Reading Hilton Kramer’s obituary today, in which his many combative campaigns on behalf of high modernism and mandarin aesthetics were detailed — I got pissed off at him for sneering at Vermeer simply because millions came out to view him — got me thinking about this dissociative state. Turns out a lot of things he took exception to I agree with. He was a staunch defender of Milton Avery, who I’ve loved since I first saw his stuff in the 60s. He came to prominence in an attack on Harold Rosenberg’s epochal essay defining Abstract Expressionism, and with it New York City, as the epicenter of modernism. Kramer said, “By defining Abstract Expressionist painting as a psychological event, it denied the aesthetic efficacy of painting itself and attempted to remove art from the only sphere in which it can be truly experienced, which is the aesthetic sphere. It reduced the art object itself to the status of a psychological datum.”

Of post-modernism, and the idea that irony imbues and permits all kinds of immoral behavior, Kramer thought little.

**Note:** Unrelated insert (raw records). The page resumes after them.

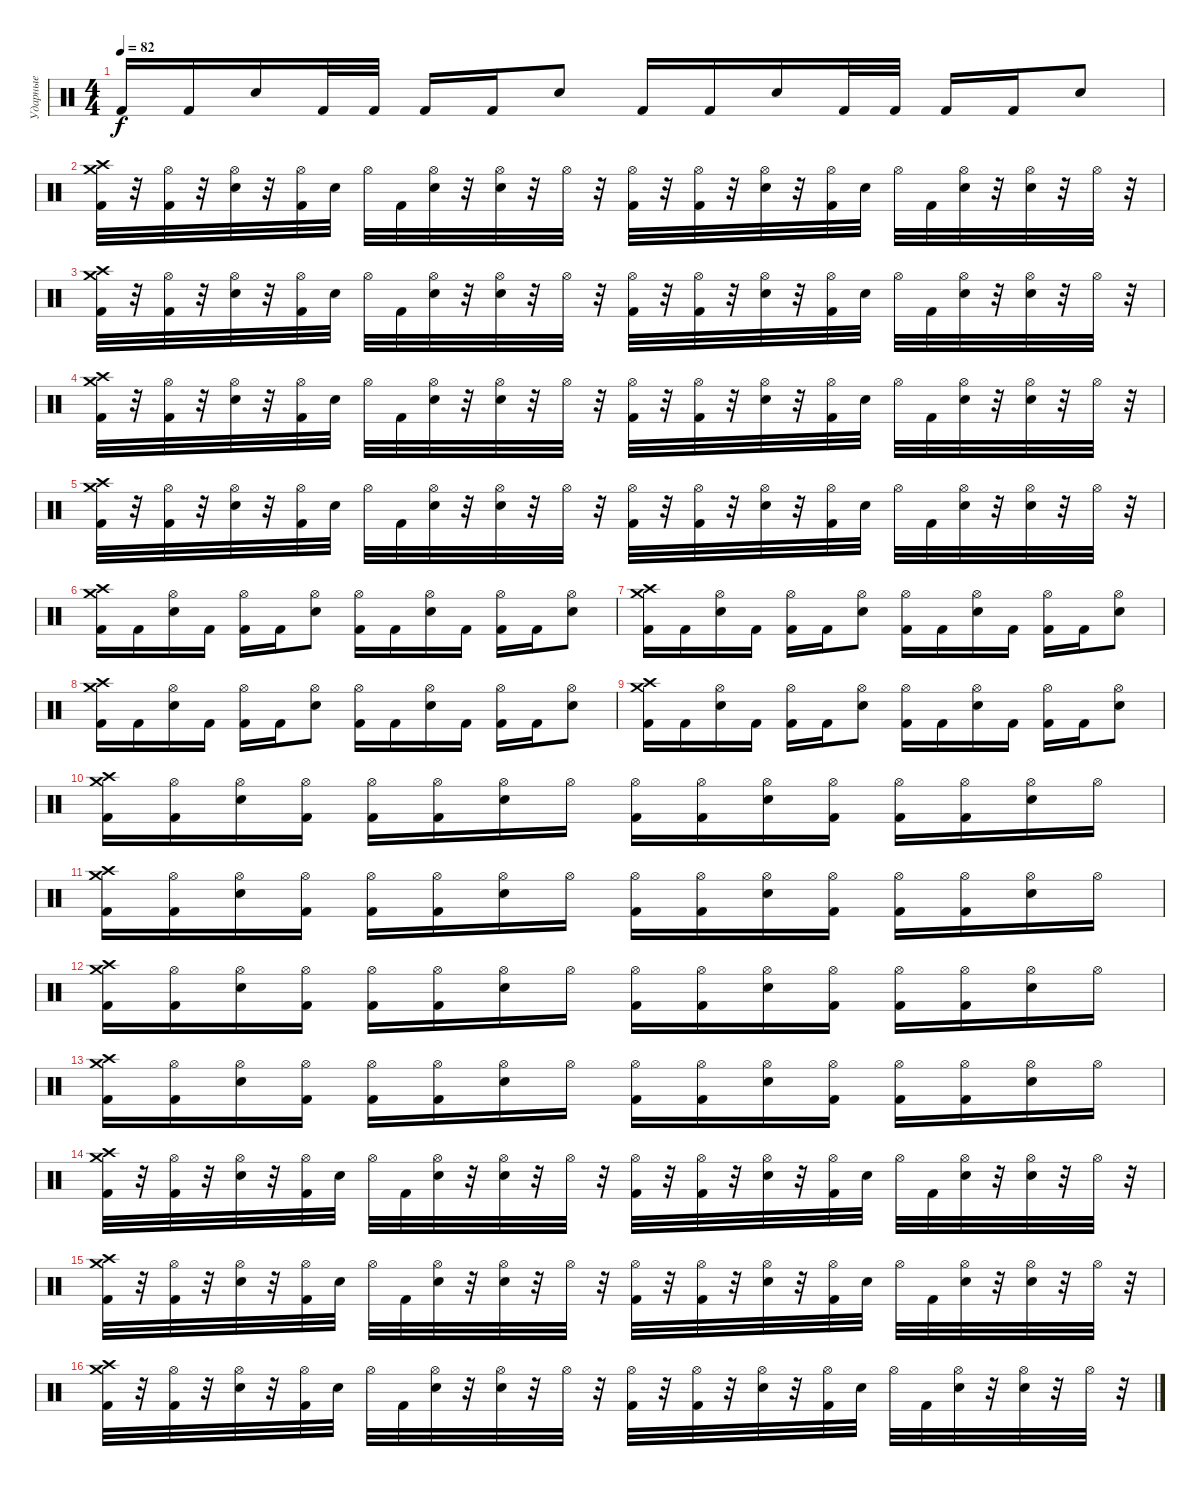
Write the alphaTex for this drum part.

\track ("Ударные" "Ударные") {instrument percussion}
\staff {score}
\articulation defaults
\ts (4 4)
\tempo 82
\clef neutral
\ks c "Kick (hit) 2".16{dy f} "Kick (hit) 2".16 "Electric Snare (hit)".16 "Kick (hit) 2".32 "Kick (hit) 2".32 "Kick (hit) 2".16 "Kick (hit) 2".16 "Electric Snare (hit)".8 "Kick (hit) 2".16 "Kick (hit) 2".16 "Electric Snare (hit)".16 "Kick (hit) 2".32 "Kick (hit) 2".32 "Kick (hit) 2".16 "Kick (hit) 2".16 "Electric Snare (hit)".8
|
("Crash high (hit)" "Crash medium (hit)" "Kick (hit) 2").32 r.32 ("Hi-Hat (open)" "Kick (hit) 2").32 r.32 ("Hi-Hat (open)" "Electric Snare (hit)").32 r.32 ("Hi-Hat (open)" "Kick (hit) 2").32 "Electric Snare (hit)".32 "Hi-Hat (open)".32 "Kick (hit) 2".32 ("Hi-Hat (open)" "Electric Snare (hit)").32 r.32 ("Hi-Hat (open)" "Electric Snare (hit)").32 r.32 "Hi-Hat (open)".32 r.32 ("Hi-Hat (open)" "Kick (hit) 2").32 r.32 ("Hi-Hat (open)" "Kick (hit) 2").32 r.32 ("Hi-Hat (open)" "Electric Snare (hit)").32 r.32 ("Hi-Hat (open)" "Kick (hit) 2").32 "Electric Snare (hit)".32 "Hi-Hat (open)".32 "Kick (hit) 2".32 ("Hi-Hat (open)" "Electric Snare (hit)").32 r.32 ("Hi-Hat (open)" "Electric Snare (hit)").32 r.32 "Hi-Hat (open)".32 r.32 |
("Crash high (hit)" "Crash medium (hit)" "Kick (hit) 2").32 r.32 ("Hi-Hat (open)" "Kick (hit) 2").32 r.32 ("Hi-Hat (open)" "Electric Snare (hit)").32 r.32 ("Hi-Hat (open)" "Kick (hit) 2").32 "Electric Snare (hit)".32 "Hi-Hat (open)".32 "Kick (hit) 2".32 ("Hi-Hat (open)" "Electric Snare (hit)").32 r.32 ("Hi-Hat (open)" "Electric Snare (hit)").32 r.32 "Hi-Hat (open)".32 r.32 ("Hi-Hat (open)" "Kick (hit) 2").32 r.32 ("Hi-Hat (open)" "Kick (hit) 2").32 r.32 ("Hi-Hat (open)" "Electric Snare (hit)").32 r.32 ("Hi-Hat (open)" "Kick (hit) 2").32 "Electric Snare (hit)".32 "Hi-Hat (open)".32 "Kick (hit) 2".32 ("Hi-Hat (open)" "Electric Snare (hit)").32 r.32 ("Hi-Hat (open)" "Electric Snare (hit)").32 r.32 "Hi-Hat (open)".32 r.32 |
("Crash high (hit)" "Crash medium (hit)" "Kick (hit) 2").32 r.32 ("Hi-Hat (open)" "Kick (hit) 2").32 r.32 ("Hi-Hat (open)" "Electric Snare (hit)").32 r.32 ("Hi-Hat (open)" "Kick (hit) 2").32 "Electric Snare (hit)".32 "Hi-Hat (open)".32 "Kick (hit) 2".32 ("Hi-Hat (open)" "Electric Snare (hit)").32 r.32 ("Hi-Hat (open)" "Electric Snare (hit)").32 r.32 "Hi-Hat (open)".32 r.32 ("Hi-Hat (open)" "Kick (hit) 2").32 r.32 ("Hi-Hat (open)" "Kick (hit) 2").32 r.32 ("Hi-Hat (open)" "Electric Snare (hit)").32 r.32 ("Hi-Hat (open)" "Kick (hit) 2").32 "Electric Snare (hit)".32 "Hi-Hat (open)".32 "Kick (hit) 2".32 ("Hi-Hat (open)" "Electric Snare (hit)").32 r.32 ("Hi-Hat (open)" "Electric Snare (hit)").32 r.32 "Hi-Hat (open)".32 r.32 |
("Crash high (hit)" "Crash medium (hit)" "Kick (hit) 2").32 r.32 ("Hi-Hat (open)" "Kick (hit) 2").32 r.32 ("Hi-Hat (open)" "Electric Snare (hit)").32 r.32 ("Hi-Hat (open)" "Kick (hit) 2").32 "Electric Snare (hit)".32 "Hi-Hat (open)".32 "Kick (hit) 2".32 ("Hi-Hat (open)" "Electric Snare (hit)").32 r.32 ("Hi-Hat (open)" "Electric Snare (hit)").32 r.32 "Hi-Hat (open)".32 r.32 ("Hi-Hat (open)" "Kick (hit) 2").32 r.32 ("Hi-Hat (open)" "Kick (hit) 2").32 r.32 ("Hi-Hat (open)" "Electric Snare (hit)").32 r.32 ("Hi-Hat (open)" "Kick (hit) 2").32 "Electric Snare (hit)".32 "Hi-Hat (open)".32 "Kick (hit) 2".32 ("Hi-Hat (open)" "Electric Snare (hit)").32 r.32 ("Hi-Hat (open)" "Electric Snare (hit)").32 r.32 "Hi-Hat (open)".32 r.32 |
("Crash high (hit)" "Crash medium (hit)" "Kick (hit) 2").16 "Kick (hit) 2".16 ("Hi-Hat (open)" "Electric Snare (hit)").16 "Kick (hit) 2".16 ("Hi-Hat (open)" "Kick (hit) 2").16 "Kick (hit) 2".16 ("Hi-Hat (open)" "Electric Snare (hit)").8 ("Hi-Hat (open)" "Kick (hit) 2").16 "Kick (hit) 2".16 ("Hi-Hat (open)" "Electric Snare (hit)").16 "Kick (hit) 2".16 ("Hi-Hat (open)" "Kick (hit) 2").16 "Kick (hit) 2".16 ("Hi-Hat (open)" "Electric Snare (hit)").8 |
("Crash high (hit)" "Crash medium (hit)" "Kick (hit) 2").16 "Kick (hit) 2".16 ("Hi-Hat (open)" "Electric Snare (hit)").16 "Kick (hit) 2".16 ("Hi-Hat (open)" "Kick (hit) 2").16 "Kick (hit) 2".16 ("Hi-Hat (open)" "Electric Snare (hit)").8 ("Hi-Hat (open)" "Kick (hit) 2").16 "Kick (hit) 2".16 ("Hi-Hat (open)" "Electric Snare (hit)").16 "Kick (hit) 2".16 ("Hi-Hat (open)" "Kick (hit) 2").16 "Kick (hit) 2".16 ("Hi-Hat (open)" "Electric Snare (hit)").8 |
("Crash high (hit)" "Crash medium (hit)" "Kick (hit) 2").16 "Kick (hit) 2".16 ("Hi-Hat (open)" "Electric Snare (hit)").16 "Kick (hit) 2".16 ("Hi-Hat (open)" "Kick (hit) 2").16 "Kick (hit) 2".16 ("Hi-Hat (open)" "Electric Snare (hit)").8 ("Hi-Hat (open)" "Kick (hit) 2").16 "Kick (hit) 2".16 ("Hi-Hat (open)" "Electric Snare (hit)").16 "Kick (hit) 2".16 ("Hi-Hat (open)" "Kick (hit) 2").16 "Kick (hit) 2".16 ("Hi-Hat (open)" "Electric Snare (hit)").8 |
("Crash high (hit)" "Crash medium (hit)" "Kick (hit) 2").16 "Kick (hit) 2".16 ("Hi-Hat (open)" "Electric Snare (hit)").16 "Kick (hit) 2".16 ("Hi-Hat (open)" "Kick (hit) 2").16 "Kick (hit) 2".16 ("Hi-Hat (open)" "Electric Snare (hit)").8 ("Hi-Hat (open)" "Kick (hit) 2").16 "Kick (hit) 2".16 ("Hi-Hat (open)" "Electric Snare (hit)").16 "Kick (hit) 2".16 ("Hi-Hat (open)" "Kick (hit) 2").16 "Kick (hit) 2".16 ("Hi-Hat (open)" "Electric Snare (hit)").8 |
("Crash high (hit)" "Crash medium (hit)" "Kick (hit) 2").16 ("Hi-Hat (open)" "Kick (hit) 2").16 ("Hi-Hat (open)" "Electric Snare (hit)").16 ("Hi-Hat (open)" "Kick (hit) 2").16 ("Hi-Hat (open)" "Kick (hit) 2").16 ("Hi-Hat (open)" "Kick (hit) 2").16 ("Hi-Hat (open)" "Electric Snare (hit)").16 "Hi-Hat (open)".16 ("Hi-Hat (open)" "Kick (hit) 2").16 ("Hi-Hat (open)" "Kick (hit) 2").16 ("Hi-Hat (open)" "Electric Snare (hit)").16 ("Hi-Hat (open)" "Kick (hit) 2").16 ("Hi-Hat (open)" "Kick (hit) 2").16 ("Hi-Hat (open)" "Kick (hit) 2").16 ("Hi-Hat (open)" "Electric Snare (hit)").16 "Hi-Hat (open)".16 |
("Crash high (hit)" "Crash medium (hit)" "Kick (hit) 2").16 ("Hi-Hat (open)" "Kick (hit) 2").16 ("Hi-Hat (open)" "Electric Snare (hit)").16 ("Hi-Hat (open)" "Kick (hit) 2").16 ("Hi-Hat (open)" "Kick (hit) 2").16 ("Hi-Hat (open)" "Kick (hit) 2").16 ("Hi-Hat (open)" "Electric Snare (hit)").16 "Hi-Hat (open)".16 ("Hi-Hat (open)" "Kick (hit) 2").16 ("Hi-Hat (open)" "Kick (hit) 2").16 ("Hi-Hat (open)" "Electric Snare (hit)").16 ("Hi-Hat (open)" "Kick (hit) 2").16 ("Hi-Hat (open)" "Kick (hit) 2").16 ("Hi-Hat (open)" "Kick (hit) 2").16 ("Hi-Hat (open)" "Electric Snare (hit)").16 "Hi-Hat (open)".16 |
("Crash high (hit)" "Crash medium (hit)" "Kick (hit) 2").16 ("Hi-Hat (open)" "Kick (hit) 2").16 ("Hi-Hat (open)" "Electric Snare (hit)").16 ("Hi-Hat (open)" "Kick (hit) 2").16 ("Hi-Hat (open)" "Kick (hit) 2").16 ("Hi-Hat (open)" "Kick (hit) 2").16 ("Hi-Hat (open)" "Electric Snare (hit)").16 "Hi-Hat (open)".16 ("Hi-Hat (open)" "Kick (hit) 2").16 ("Hi-Hat (open)" "Kick (hit) 2").16 ("Hi-Hat (open)" "Electric Snare (hit)").16 ("Hi-Hat (open)" "Kick (hit) 2").16 ("Hi-Hat (open)" "Kick (hit) 2").16 ("Hi-Hat (open)" "Kick (hit) 2").16 ("Hi-Hat (open)" "Electric Snare (hit)").16 "Hi-Hat (open)".16 |
("Crash high (hit)" "Crash medium (hit)" "Kick (hit) 2").16 ("Hi-Hat (open)" "Kick (hit) 2").16 ("Hi-Hat (open)" "Electric Snare (hit)").16 ("Hi-Hat (open)" "Kick (hit) 2").16 ("Hi-Hat (open)" "Kick (hit) 2").16 ("Hi-Hat (open)" "Kick (hit) 2").16 ("Hi-Hat (open)" "Electric Snare (hit)").16 "Hi-Hat (open)".16 ("Hi-Hat (open)" "Kick (hit) 2").16 ("Hi-Hat (open)" "Kick (hit) 2").16 ("Hi-Hat (open)" "Electric Snare (hit)").16 ("Hi-Hat (open)" "Kick (hit) 2").16 ("Hi-Hat (open)" "Kick (hit) 2").16 ("Hi-Hat (open)" "Kick (hit) 2").16 ("Hi-Hat (open)" "Electric Snare (hit)").16 "Hi-Hat (open)".16 |
("Crash high (hit)" "Crash medium (hit)" "Kick (hit) 2").32 r.32 ("Hi-Hat (open)" "Kick (hit) 2").32 r.32 ("Hi-Hat (open)" "Electric Snare (hit)").32 r.32 ("Hi-Hat (open)" "Kick (hit) 2").32 "Electric Snare (hit)".32 "Hi-Hat (open)".32 "Kick (hit) 2".32 ("Hi-Hat (open)" "Electric Snare (hit)").32 r.32 ("Hi-Hat (open)" "Electric Snare (hit)").32 r.32 "Hi-Hat (open)".32 r.32 ("Hi-Hat (open)" "Kick (hit) 2").32 r.32 ("Hi-Hat (open)" "Kick (hit) 2").32 r.32 ("Hi-Hat (open)" "Electric Snare (hit)").32 r.32 ("Hi-Hat (open)" "Kick (hit) 2").32 "Electric Snare (hit)".32 "Hi-Hat (open)".32 "Kick (hit) 2".32 ("Hi-Hat (open)" "Electric Snare (hit)").32 r.32 ("Hi-Hat (open)" "Electric Snare (hit)").32 r.32 "Hi-Hat (open)".32 r.32 |
("Crash high (hit)" "Crash medium (hit)" "Kick (hit) 2").32 r.32 ("Hi-Hat (open)" "Kick (hit) 2").32 r.32 ("Hi-Hat (open)" "Electric Snare (hit)").32 r.32 ("Hi-Hat (open)" "Kick (hit) 2").32 "Electric Snare (hit)".32 "Hi-Hat (open)".32 "Kick (hit) 2".32 ("Hi-Hat (open)" "Electric Snare (hit)").32 r.32 ("Hi-Hat (open)" "Electric Snare (hit)").32 r.32 "Hi-Hat (open)".32 r.32 ("Hi-Hat (open)" "Kick (hit) 2").32 r.32 ("Hi-Hat (open)" "Kick (hit) 2").32 r.32 ("Hi-Hat (open)" "Electric Snare (hit)").32 r.32 ("Hi-Hat (open)" "Kick (hit) 2").32 "Electric Snare (hit)".32 "Hi-Hat (open)".32 "Kick (hit) 2".32 ("Hi-Hat (open)" "Electric Snare (hit)").32 r.32 ("Hi-Hat (open)" "Electric Snare (hit)").32 r.32 "Hi-Hat (open)".32 r.32 |
("Crash high (hit)" "Crash medium (hit)" "Kick (hit) 2").32 r.32 ("Hi-Hat (open)" "Kick (hit) 2").32 r.32 ("Hi-Hat (open)" "Electric Snare (hit)").32 r.32 ("Hi-Hat (open)" "Kick (hit) 2").32 "Electric Snare (hit)".32 "Hi-Hat (open)".32 "Kick (hit) 2".32 ("Hi-Hat (open)" "Electric Snare (hit)").32 r.32 ("Hi-Hat (open)" "Electric Snare (hit)").32 r.32 "Hi-Hat (open)".32 r.32 ("Hi-Hat (open)" "Kick (hit) 2").32 r.32 ("Hi-Hat (open)" "Kick (hit) 2").32 r.32 ("Hi-Hat (open)" "Electric Snare (hit)").32 r.32 ("Hi-Hat (open)" "Kick (hit) 2").32 "Electric Snare (hit)".32 "Hi-Hat (open)".32 "Kick (hit) 2".32 ("Hi-Hat (open)" "Electric Snare (hit)").32 r.32 ("Hi-Hat (open)" "Electric Snare (hit)").32 r.32 "Hi-Hat (open)".32 r.32
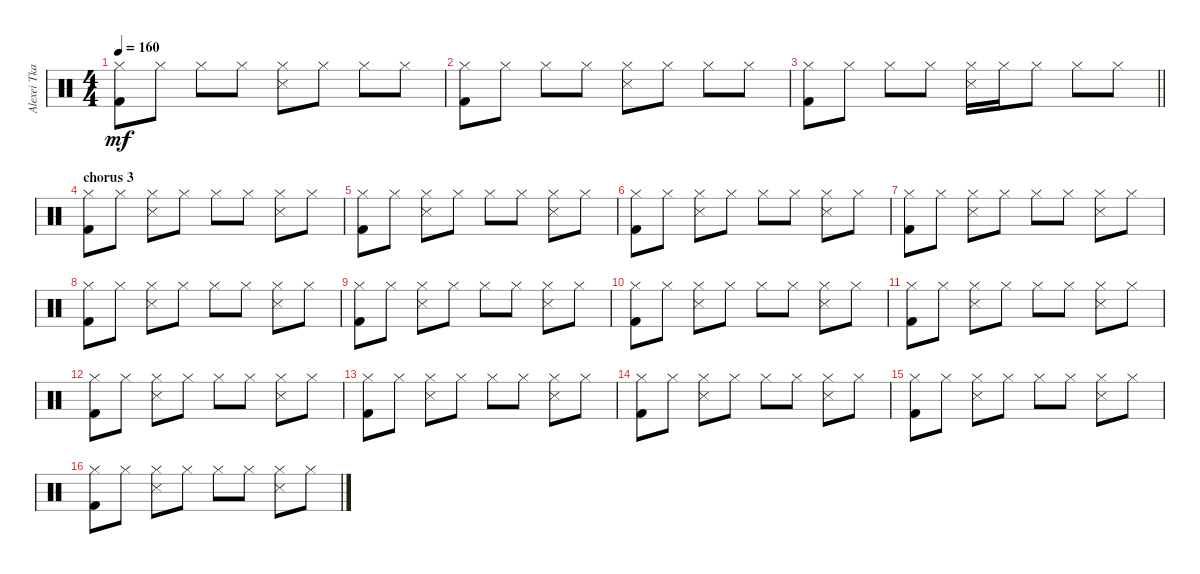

The obituary recalls

A resolute high modernist, he was out of sympathy with many of the aesthetic waves that came after the great achievements of the New York School, notably Pop (“a very great disaster”), conceptual art (“scrapbook art”) and postmodernism (“modernism with a sneer, a giggle, modernism without any animating faith in the nobility and pertinence of its cultural mandate”).

What’s interesting about Kramer is how often he is right for what seem to me the wrong reasons, ie., sticking to the canons of Western culture. I am for the canons of Western culture as well as those of all other cultures, including the counter-. Nothing is more soul-murdering, as I have recently been discovering in my tour of hippie memoir, than having to re-invent the wheel every day and have it collectivized by a guru on the make. Canons are good, exactly what’s missing in hippie existence, with feral masculinist values rushing in to take their place.

But this life of the mind — although it could and did have a financial effect, for example, on the sale of Milton Avery’s paintings and the reputations of all those jazz-hands museum exhibitions and tap-dancing curators — was one from which Kramer seemed detached. He fell into life as a critic and arts editor as a grad student of philosophy who’d made friends with the editor Philip Rahv. I sense that his mandarin or conservative view, while upholding clear standards, also appealed to the grey lady aesthetic of the New York Times who with Kramer, I submit, were to be cautious in admitting that the art forms of the 1960s were anything more than charlatanism — the mid-20th century equivalent of the outrage with which Manet in his day and Picasso in his were greeted. Unusually, I think, for the NYT, Kramer’s education was far from the Ivies or New York city’s socialist or bohemian purlieus like NYU or Cooper Union. A New Englander, and not of the Brahmin kind, Kramer’s attack on Rosenberg, published in Art News in 1952, was launched from a graduate school seminar on Dante and Shakespeare in Indiana. I’d add that I agree with him and think he was right in believing that psychoanalytic values in painting — as well as in the Stanislavsky acting method which has permitted so much horrific professional behavior by actors in Hollywood — are just as bullshit in aesthetics as they were in psychiatry.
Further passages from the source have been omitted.